- [Assigned task]
Find the line containing "6) flat transport robot (1762,103,1771,109)" in the records below. Copy exactly that line and each one after it, ending at the line containing "15) flat transport robot (1405,0,1469,24)", and nothing more.

Stored dataset items:
————

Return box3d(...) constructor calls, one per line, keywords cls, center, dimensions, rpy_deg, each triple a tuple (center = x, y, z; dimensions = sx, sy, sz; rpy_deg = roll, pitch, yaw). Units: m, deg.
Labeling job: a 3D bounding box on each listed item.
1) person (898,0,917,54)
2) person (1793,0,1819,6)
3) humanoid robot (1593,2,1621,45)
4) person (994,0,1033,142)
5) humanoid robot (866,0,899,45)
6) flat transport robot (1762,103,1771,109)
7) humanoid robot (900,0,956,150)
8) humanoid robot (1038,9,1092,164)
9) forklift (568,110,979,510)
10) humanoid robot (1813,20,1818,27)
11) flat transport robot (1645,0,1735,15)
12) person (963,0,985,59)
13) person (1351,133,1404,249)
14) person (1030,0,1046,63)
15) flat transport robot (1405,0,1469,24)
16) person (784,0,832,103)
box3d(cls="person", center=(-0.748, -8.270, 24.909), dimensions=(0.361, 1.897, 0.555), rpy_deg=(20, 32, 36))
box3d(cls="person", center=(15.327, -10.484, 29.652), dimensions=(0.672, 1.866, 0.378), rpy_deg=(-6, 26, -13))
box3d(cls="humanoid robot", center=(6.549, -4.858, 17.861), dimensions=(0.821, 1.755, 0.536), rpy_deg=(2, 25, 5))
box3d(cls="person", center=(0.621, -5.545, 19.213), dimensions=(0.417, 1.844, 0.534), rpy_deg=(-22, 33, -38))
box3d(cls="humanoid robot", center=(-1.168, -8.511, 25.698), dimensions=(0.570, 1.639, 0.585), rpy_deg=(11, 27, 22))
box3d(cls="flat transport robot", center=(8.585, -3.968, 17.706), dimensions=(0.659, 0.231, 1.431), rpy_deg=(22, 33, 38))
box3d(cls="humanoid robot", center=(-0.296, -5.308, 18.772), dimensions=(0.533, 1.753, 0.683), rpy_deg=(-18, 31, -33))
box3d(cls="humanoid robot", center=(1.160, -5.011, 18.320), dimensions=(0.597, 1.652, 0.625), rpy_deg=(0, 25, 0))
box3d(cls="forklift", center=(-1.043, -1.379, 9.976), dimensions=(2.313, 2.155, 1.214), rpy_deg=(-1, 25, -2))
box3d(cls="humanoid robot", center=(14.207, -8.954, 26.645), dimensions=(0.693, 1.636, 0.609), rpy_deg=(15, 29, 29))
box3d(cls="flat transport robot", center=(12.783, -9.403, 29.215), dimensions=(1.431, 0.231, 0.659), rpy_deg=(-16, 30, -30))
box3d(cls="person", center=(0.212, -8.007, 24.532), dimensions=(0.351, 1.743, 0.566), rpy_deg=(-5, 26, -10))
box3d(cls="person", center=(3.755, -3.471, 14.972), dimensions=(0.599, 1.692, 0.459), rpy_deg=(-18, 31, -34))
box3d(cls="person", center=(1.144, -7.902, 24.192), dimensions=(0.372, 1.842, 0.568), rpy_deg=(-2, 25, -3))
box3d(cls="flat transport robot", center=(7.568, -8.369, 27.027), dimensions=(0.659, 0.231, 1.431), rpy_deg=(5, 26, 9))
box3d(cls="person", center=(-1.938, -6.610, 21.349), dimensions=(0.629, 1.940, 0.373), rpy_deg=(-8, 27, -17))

————

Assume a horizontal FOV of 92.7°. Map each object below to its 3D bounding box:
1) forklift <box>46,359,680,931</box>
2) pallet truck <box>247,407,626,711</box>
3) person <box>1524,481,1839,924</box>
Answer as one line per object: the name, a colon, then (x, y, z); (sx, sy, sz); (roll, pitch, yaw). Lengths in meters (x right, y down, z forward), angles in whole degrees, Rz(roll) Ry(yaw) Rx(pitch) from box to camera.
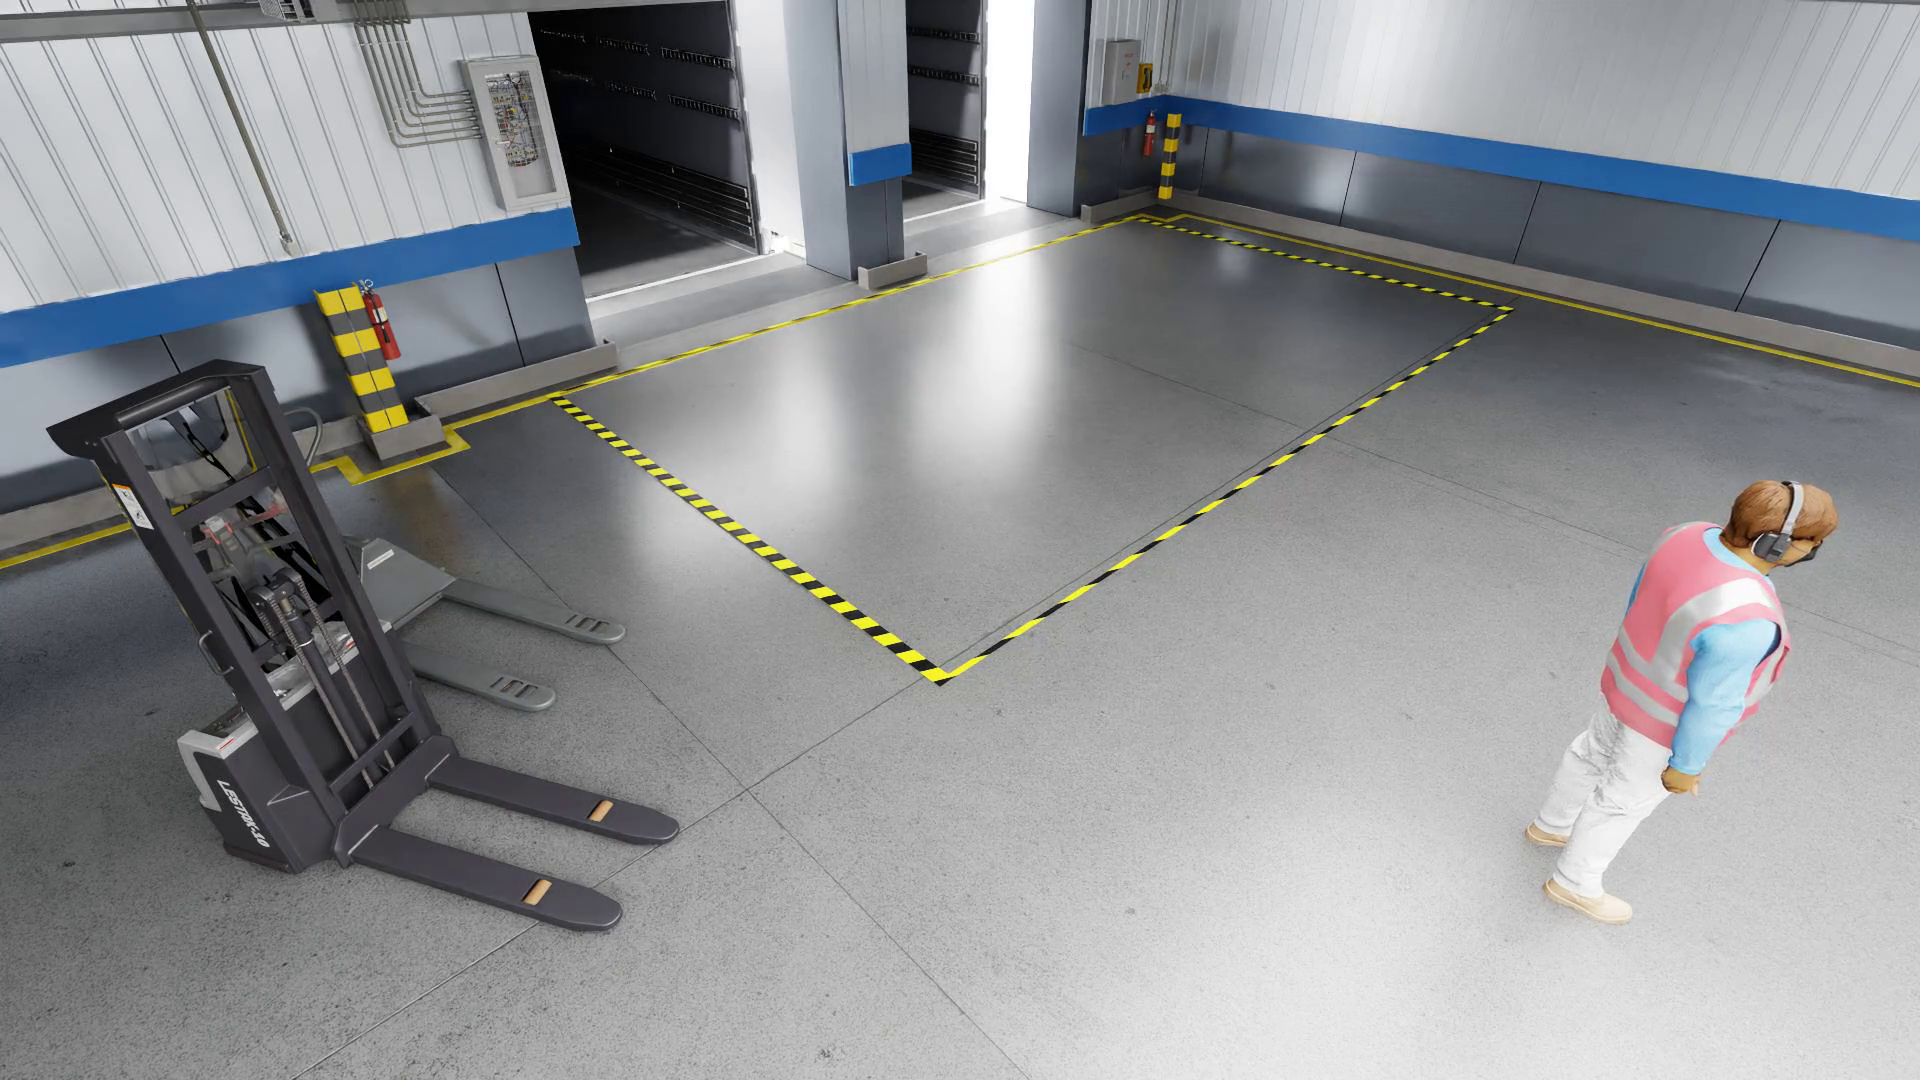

————

- [Exercise result]
6) flat transport robot (1762,103,1771,109)
7) humanoid robot (900,0,956,150)
8) humanoid robot (1038,9,1092,164)
9) forklift (568,110,979,510)
10) humanoid robot (1813,20,1818,27)
11) flat transport robot (1645,0,1735,15)
12) person (963,0,985,59)
13) person (1351,133,1404,249)
14) person (1030,0,1046,63)
15) flat transport robot (1405,0,1469,24)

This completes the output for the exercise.